*TASK DETAILS*:
Print the data exactly. Omit the pictures.

*SUPPLIED DATA*:
⟨
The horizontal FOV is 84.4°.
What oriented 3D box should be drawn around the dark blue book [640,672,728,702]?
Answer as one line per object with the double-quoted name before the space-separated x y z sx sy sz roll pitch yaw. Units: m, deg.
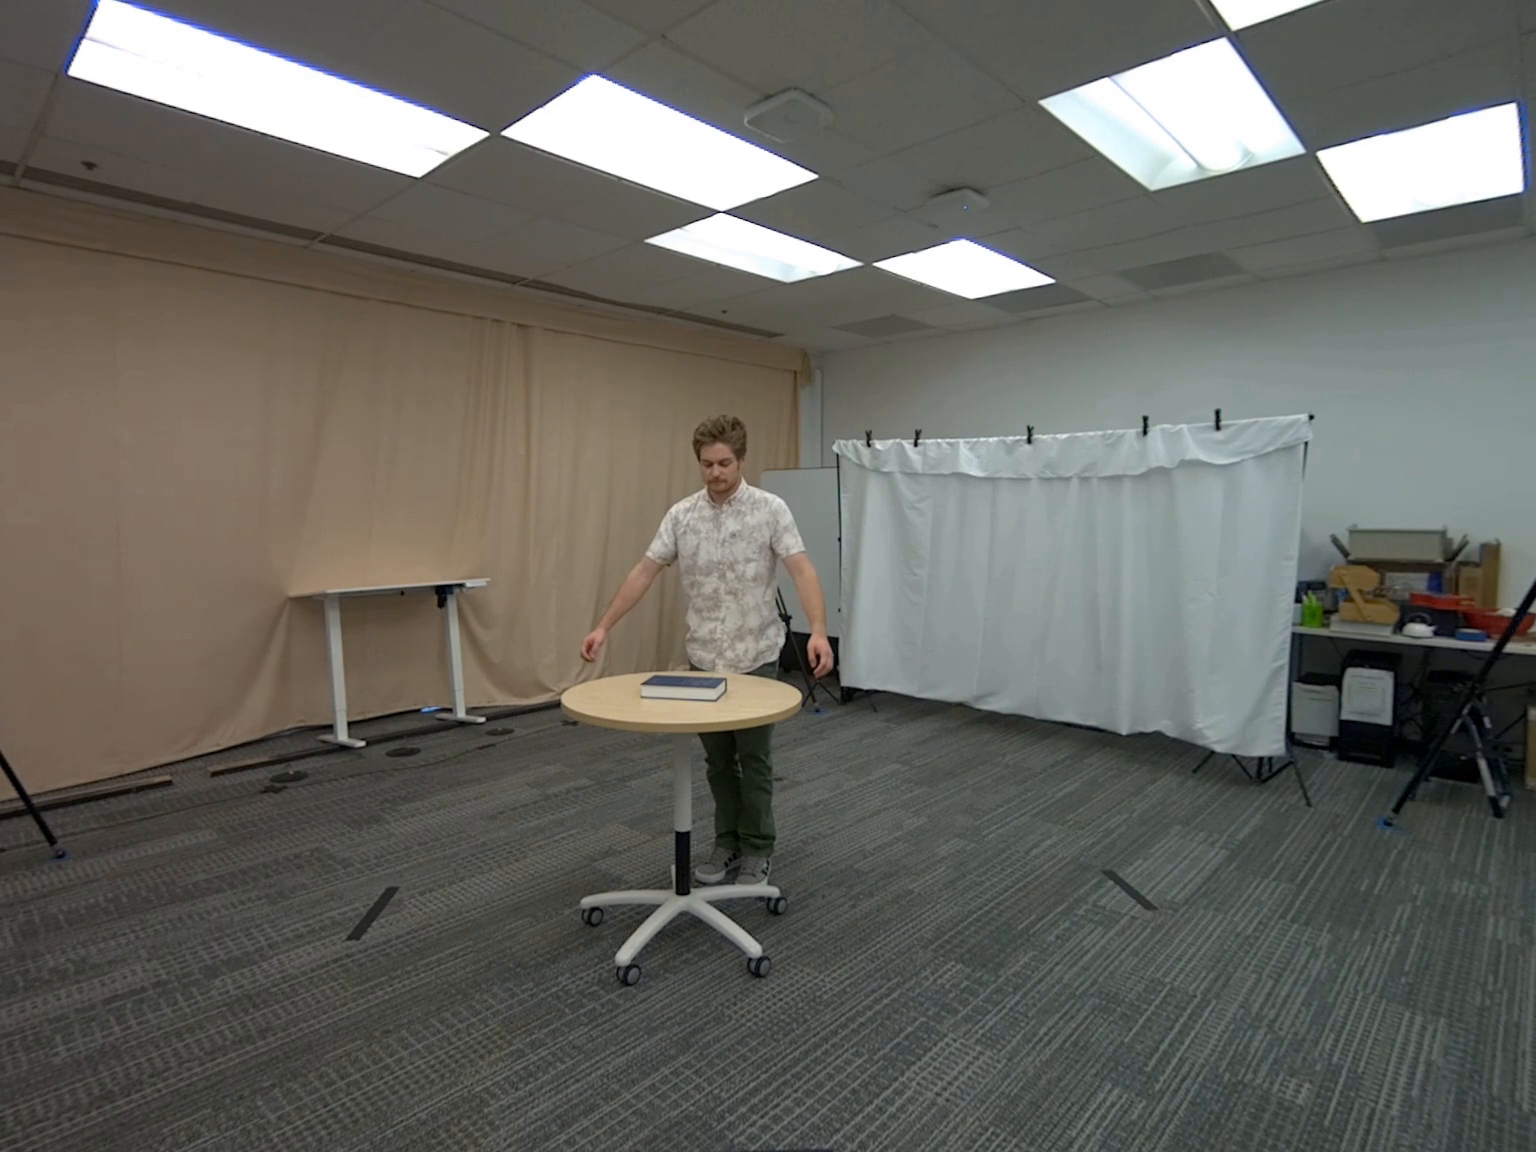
"dark blue book" -0.276 0.355 2.690 0.248 0.045 0.161 1 5 12
⟩
*REPLY*:
The horizontal FOV is 84.4°.
What oriented 3D box should be drawn around the dark blue book [640,672,728,702]?
Answer as one line per object with the double-quoted name before the space-separated x y z sx sy sz roll pitch yaw. Units: m, deg.
"dark blue book" -0.276 0.355 2.690 0.248 0.045 0.161 1 5 12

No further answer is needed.